The difference between a liquid and a gas is that the former tends to gather in globules if taken in small quantities and makes a free surface in larger volumes. An important property of liquids is that, pressure or temperature changes have practically no effect on their volume, i. e., for all practical purposes they can be regarded as incompressible. Gases, on the other hand, contract readily under pressure and expand infinitely in the absence of pressure, i.e., they are highly compressible.
Despite this difference, however, under certain conditions the laws of motion of liquids and gases are practically identical. One such condition is low velocity of the gas flow as compared with the speed of sound through gas.
The science of hydraulics concerns itself mainly with the motion of liquids. The internal flow of gases is studied only insofar as the velocity of flow is much less than that of sound and, consequently, their compressibility can be disregarded. Such cases are frequently encountered in engineering, as for example, in the flow of air in ventilation systems and in gas mains.
Investigation of the flow of liquids, and even more so gases, is a much more difficult and complicated task than studying the motion of rigid bodies. In rigid-body mechanics one deals with systems of rigidly connected particles; in fluid mechanics the object of investigation is a medium consisting of a multitude of particles in constant relative motion.
To the great Galileo belongs the maxim that it is easier to study the motion of remote celestial bodies than that of a stream running at one's feet. Because of these difficulties, fluid mechanics as a science developed along two different paths.
The first was the purely theoretical path of precise mathematical analysis based on the laws of mechanics. It led to the emergence of theoretical hydromechanics, which for a long time existed as an independent science. Its methods provided an attractive and effective means of scientific research. A theoretical analysis of fluid motion, however, encounters many stumbling blocks and does not always answer the questions arising in real situations.
The urgent requirements of engineering practice, therefore, soon gave rise to a new science of fluid motion, hydraulics, in which researchers took to the second path, that of extensive experimenting and accumulation of factual data for application to engineering problems. At its origin, hydraulics was a purely empirical science. Today, though, whenever necessary it employs the methods of theoretical hydromechanics for the solution of various problems; and, conversely, in theoretical hydromechanics experiments are widely used to verify the validity of its conclusions. Thus, the difference in the methods employed by either science is gradually disappearing, and with it the boundary line between them.

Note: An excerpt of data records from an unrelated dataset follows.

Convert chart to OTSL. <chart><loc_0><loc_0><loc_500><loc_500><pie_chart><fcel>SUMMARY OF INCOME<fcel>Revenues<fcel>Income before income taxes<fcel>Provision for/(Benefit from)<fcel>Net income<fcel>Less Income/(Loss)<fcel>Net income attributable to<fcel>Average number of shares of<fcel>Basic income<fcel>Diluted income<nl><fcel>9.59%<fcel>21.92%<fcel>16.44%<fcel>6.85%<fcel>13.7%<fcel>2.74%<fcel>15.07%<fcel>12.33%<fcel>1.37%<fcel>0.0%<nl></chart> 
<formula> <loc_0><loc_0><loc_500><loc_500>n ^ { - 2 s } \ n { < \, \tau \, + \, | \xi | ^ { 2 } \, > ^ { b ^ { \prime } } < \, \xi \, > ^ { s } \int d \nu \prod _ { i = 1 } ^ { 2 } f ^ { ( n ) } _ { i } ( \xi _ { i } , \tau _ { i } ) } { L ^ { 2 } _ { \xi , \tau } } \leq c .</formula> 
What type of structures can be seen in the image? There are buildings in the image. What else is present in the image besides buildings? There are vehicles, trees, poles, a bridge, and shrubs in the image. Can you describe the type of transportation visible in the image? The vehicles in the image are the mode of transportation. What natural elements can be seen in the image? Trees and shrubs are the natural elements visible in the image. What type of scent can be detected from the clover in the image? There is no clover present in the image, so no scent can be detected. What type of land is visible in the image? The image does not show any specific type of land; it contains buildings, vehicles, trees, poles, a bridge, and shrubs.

The method of investigating fluid flow in hydraulics today is essentially as follows. The phenomenon under investigation is first simplified and idealised and the laws of theoretical mechanics are applied. The results are then compared with experimental data, the discrepancies are established and the theoretical formulas and solutions adjusted so as to make them suitable for practical application.

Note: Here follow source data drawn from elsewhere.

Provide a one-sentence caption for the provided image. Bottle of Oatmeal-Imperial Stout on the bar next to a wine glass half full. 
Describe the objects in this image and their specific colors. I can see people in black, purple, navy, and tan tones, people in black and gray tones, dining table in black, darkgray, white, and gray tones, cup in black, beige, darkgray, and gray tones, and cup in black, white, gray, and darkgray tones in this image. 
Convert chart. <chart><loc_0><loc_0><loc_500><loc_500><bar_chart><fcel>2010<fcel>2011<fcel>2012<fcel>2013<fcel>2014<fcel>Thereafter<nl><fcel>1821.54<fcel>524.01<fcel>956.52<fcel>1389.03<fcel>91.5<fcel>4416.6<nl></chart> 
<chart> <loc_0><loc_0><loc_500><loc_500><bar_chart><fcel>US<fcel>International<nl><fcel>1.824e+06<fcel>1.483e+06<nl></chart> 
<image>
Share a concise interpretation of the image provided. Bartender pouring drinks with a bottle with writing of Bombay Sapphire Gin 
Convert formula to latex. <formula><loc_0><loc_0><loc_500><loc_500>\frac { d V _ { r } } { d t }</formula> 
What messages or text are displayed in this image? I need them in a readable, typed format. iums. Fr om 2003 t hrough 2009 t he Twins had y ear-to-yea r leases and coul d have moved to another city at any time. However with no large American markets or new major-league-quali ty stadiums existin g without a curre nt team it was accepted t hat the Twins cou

Many phenomena are so involved as to practically defy theoretical analysis and are investigated in hydraulics on the sole basis of experimental measurement, the results being expressed in empirical formulas. Thus, hydraulics can be called a semiempirical science.

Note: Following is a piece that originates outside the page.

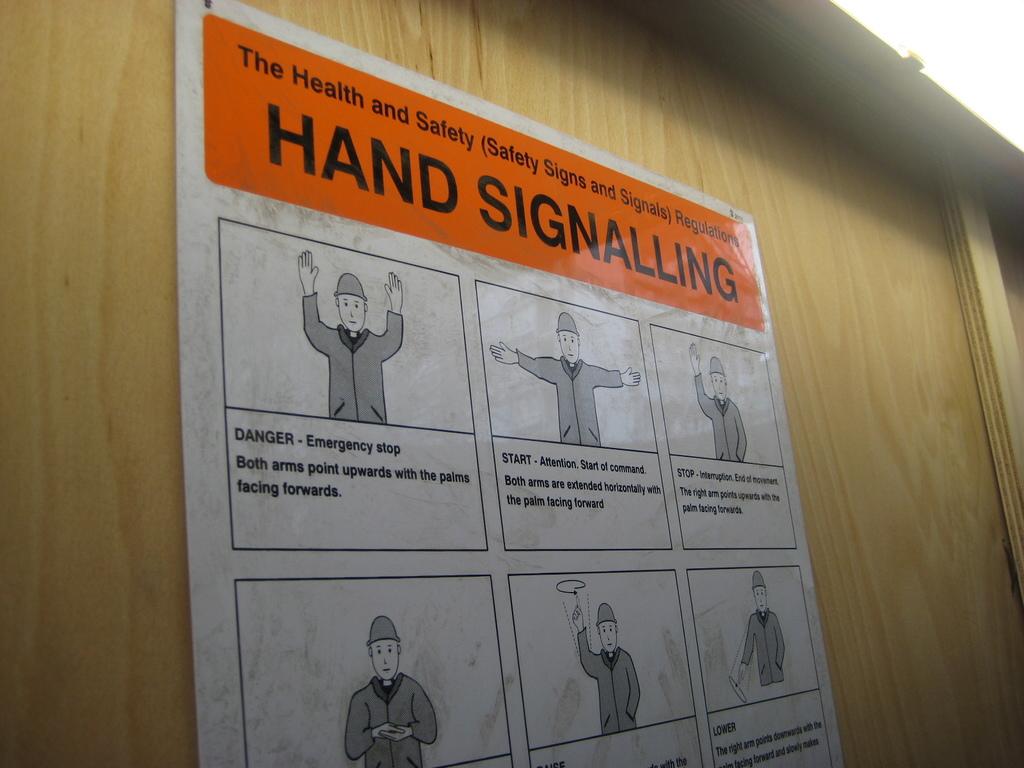What does this poster show you how to do?
Make the answer very short. Hand signalling. What does palms facing forward signal?
Your answer should be very brief. Danger.

At the same time it is an applied, engineering, science insofar as it emerged from the demands of life and is widely used in engineering. Hydraulics provides the methods of calculating and designing a wide range of hydraulic structures (dams, canals, weirs and pipelines for transporting fluids), machinery (pumps, turbines, fluid couplings) and other devices used in many branches of engineering, in machine-tool design, foundry practice, the manufacture of plastics, etc. Modern aircraft design, with its fluid drives, fuel and lubricating systems, hydraulic shock absorbers, etc., relies extensively on the science of hydraulics.